# What is needed
Two lines below mark the span: the one containing "Numbers: x, y, z, sx, sy, sz, roll, pitch, yaw." and the one containing "6) router box [0,327,26,390]". Set down both, plus every line between, exactly as they stand, and nothing else.

(Saved entries)
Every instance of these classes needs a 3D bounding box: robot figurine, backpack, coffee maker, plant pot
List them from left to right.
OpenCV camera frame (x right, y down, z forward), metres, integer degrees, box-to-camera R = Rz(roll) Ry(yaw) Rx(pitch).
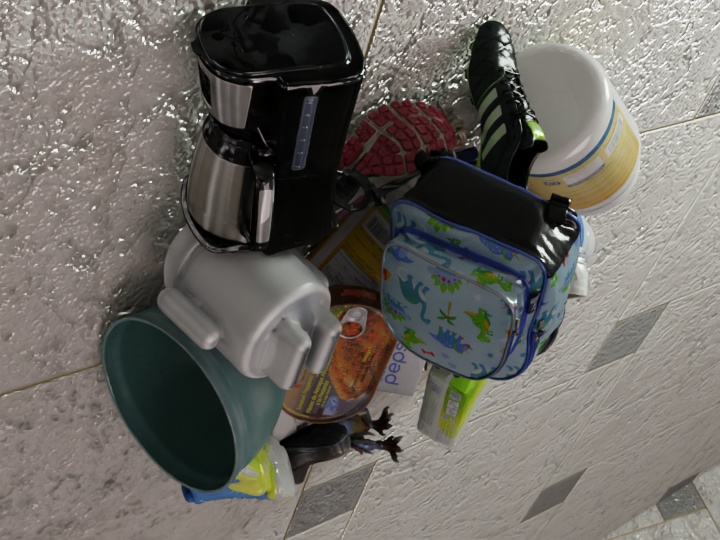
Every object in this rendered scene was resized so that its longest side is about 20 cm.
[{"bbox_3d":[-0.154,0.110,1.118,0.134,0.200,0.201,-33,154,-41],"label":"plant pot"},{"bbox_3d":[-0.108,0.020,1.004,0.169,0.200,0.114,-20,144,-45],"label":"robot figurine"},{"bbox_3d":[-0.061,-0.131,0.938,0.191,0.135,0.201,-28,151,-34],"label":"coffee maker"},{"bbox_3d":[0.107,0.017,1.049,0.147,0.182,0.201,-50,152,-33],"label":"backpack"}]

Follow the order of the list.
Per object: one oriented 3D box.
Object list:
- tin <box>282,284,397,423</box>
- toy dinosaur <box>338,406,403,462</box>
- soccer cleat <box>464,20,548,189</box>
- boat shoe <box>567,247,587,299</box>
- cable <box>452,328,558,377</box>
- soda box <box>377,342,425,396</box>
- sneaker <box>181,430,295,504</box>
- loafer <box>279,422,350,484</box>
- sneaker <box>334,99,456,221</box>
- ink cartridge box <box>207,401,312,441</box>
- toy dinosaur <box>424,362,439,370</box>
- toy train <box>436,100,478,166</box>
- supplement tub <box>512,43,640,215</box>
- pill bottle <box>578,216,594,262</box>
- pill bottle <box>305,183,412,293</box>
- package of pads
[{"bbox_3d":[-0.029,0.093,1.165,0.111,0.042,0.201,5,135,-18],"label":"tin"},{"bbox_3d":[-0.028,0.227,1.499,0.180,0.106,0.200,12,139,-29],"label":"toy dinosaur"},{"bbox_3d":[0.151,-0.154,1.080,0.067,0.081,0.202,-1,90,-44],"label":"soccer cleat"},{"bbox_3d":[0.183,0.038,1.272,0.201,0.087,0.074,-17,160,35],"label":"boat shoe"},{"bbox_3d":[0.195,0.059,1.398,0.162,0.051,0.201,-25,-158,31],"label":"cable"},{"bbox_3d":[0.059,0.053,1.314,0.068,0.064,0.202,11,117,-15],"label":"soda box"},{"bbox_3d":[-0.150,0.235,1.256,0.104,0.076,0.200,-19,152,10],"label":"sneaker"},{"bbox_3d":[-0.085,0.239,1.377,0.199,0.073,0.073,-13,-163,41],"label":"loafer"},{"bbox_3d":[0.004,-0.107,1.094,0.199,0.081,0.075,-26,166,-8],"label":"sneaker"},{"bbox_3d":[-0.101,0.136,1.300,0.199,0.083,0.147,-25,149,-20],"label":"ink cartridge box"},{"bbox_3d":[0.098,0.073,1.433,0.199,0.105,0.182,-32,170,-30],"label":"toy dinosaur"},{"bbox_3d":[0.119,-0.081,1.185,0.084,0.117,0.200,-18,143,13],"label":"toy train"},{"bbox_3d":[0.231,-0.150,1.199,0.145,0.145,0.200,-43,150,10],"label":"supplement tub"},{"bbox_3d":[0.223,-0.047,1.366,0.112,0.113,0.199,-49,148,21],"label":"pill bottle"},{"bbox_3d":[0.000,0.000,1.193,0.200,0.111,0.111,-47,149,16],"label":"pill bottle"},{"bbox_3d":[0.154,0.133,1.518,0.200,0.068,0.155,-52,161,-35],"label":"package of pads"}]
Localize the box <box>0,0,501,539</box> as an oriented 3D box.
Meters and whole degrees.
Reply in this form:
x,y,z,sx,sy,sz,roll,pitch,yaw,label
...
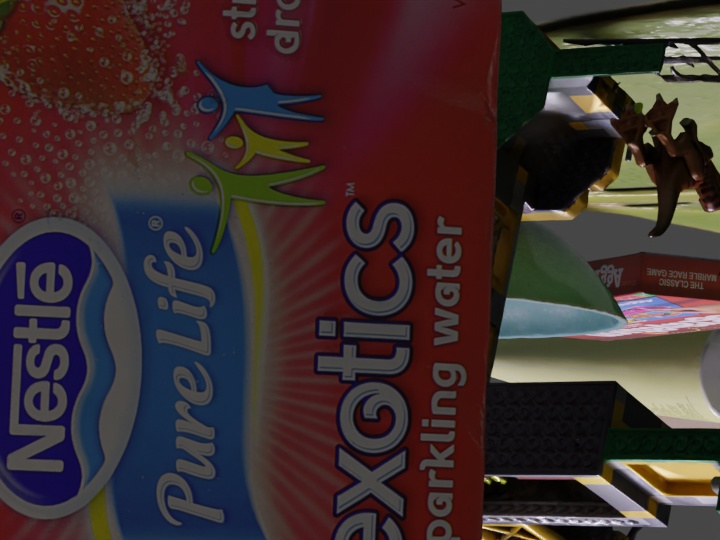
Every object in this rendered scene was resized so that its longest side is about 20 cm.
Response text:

* * *

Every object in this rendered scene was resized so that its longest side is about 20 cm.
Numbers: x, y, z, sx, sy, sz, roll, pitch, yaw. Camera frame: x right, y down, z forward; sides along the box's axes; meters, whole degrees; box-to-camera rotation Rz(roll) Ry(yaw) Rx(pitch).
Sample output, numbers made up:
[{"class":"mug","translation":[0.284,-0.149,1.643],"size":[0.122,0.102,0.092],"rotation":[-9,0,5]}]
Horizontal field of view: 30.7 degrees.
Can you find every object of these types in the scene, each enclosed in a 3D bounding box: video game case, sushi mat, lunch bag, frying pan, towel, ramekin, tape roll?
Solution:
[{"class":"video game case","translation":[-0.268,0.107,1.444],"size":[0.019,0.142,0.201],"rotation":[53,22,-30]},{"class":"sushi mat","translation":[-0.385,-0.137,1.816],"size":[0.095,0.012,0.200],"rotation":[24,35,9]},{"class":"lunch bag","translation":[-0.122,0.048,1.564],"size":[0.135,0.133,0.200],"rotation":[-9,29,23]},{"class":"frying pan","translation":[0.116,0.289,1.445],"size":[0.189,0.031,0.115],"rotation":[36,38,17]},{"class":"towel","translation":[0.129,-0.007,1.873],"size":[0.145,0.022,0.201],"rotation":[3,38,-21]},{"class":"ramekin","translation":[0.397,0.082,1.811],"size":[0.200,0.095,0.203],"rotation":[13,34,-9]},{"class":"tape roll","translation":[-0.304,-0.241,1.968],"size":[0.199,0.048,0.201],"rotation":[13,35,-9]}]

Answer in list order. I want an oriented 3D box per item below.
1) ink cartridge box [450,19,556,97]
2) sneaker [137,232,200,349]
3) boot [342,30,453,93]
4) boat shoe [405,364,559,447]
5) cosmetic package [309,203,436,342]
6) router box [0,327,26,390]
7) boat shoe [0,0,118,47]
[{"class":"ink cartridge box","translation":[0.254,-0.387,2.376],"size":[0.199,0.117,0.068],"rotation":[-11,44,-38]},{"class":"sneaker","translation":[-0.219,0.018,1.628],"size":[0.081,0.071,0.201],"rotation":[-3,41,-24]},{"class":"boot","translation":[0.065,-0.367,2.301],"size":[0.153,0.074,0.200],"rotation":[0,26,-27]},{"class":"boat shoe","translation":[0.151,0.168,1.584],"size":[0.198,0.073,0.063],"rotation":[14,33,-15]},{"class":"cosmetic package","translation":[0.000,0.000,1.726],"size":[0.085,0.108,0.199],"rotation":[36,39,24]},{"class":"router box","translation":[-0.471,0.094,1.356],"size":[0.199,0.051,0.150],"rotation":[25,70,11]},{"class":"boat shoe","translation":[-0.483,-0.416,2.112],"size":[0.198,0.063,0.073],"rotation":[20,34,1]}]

# Task result
Numbers: x, y, z, sx, sy, sz, roll, pitch, yaw. Camera frame: x right, y down, z forward; sides along the box's axes; meters, whole degrees; box-to-camera rotation Rz(roll) Ry(yaw) Rx(pitch).
Sample output, numbers made up:
[{"class":"mug","translation":[0.284,-0.149,1.643],"size":[0.122,0.102,0.092],"rotation":[-9,0,5]}]
Horizontal field of view: 30.7 degrees.
Can you find every object of these types in the scene, each enclosed in a 3D bounding box: video game case, sushi mat, lunch bag, frying pan, towel, ramekin, tape roll?
Solution:
[{"class":"video game case","translation":[-0.268,0.107,1.444],"size":[0.019,0.142,0.201],"rotation":[53,22,-30]},{"class":"sushi mat","translation":[-0.385,-0.137,1.816],"size":[0.095,0.012,0.200],"rotation":[24,35,9]},{"class":"lunch bag","translation":[-0.122,0.048,1.564],"size":[0.135,0.133,0.200],"rotation":[-9,29,23]},{"class":"frying pan","translation":[0.116,0.289,1.445],"size":[0.189,0.031,0.115],"rotation":[36,38,17]},{"class":"towel","translation":[0.129,-0.007,1.873],"size":[0.145,0.022,0.201],"rotation":[3,38,-21]},{"class":"ramekin","translation":[0.397,0.082,1.811],"size":[0.200,0.095,0.203],"rotation":[13,34,-9]},{"class":"tape roll","translation":[-0.304,-0.241,1.968],"size":[0.199,0.048,0.201],"rotation":[13,35,-9]}]

Answer in list order. I want an oriented 3D box per item below.
1) ink cartridge box [450,19,556,97]
2) sneaker [137,232,200,349]
3) boot [342,30,453,93]
4) boat shoe [405,364,559,447]
5) cosmetic package [309,203,436,342]
6) router box [0,327,26,390]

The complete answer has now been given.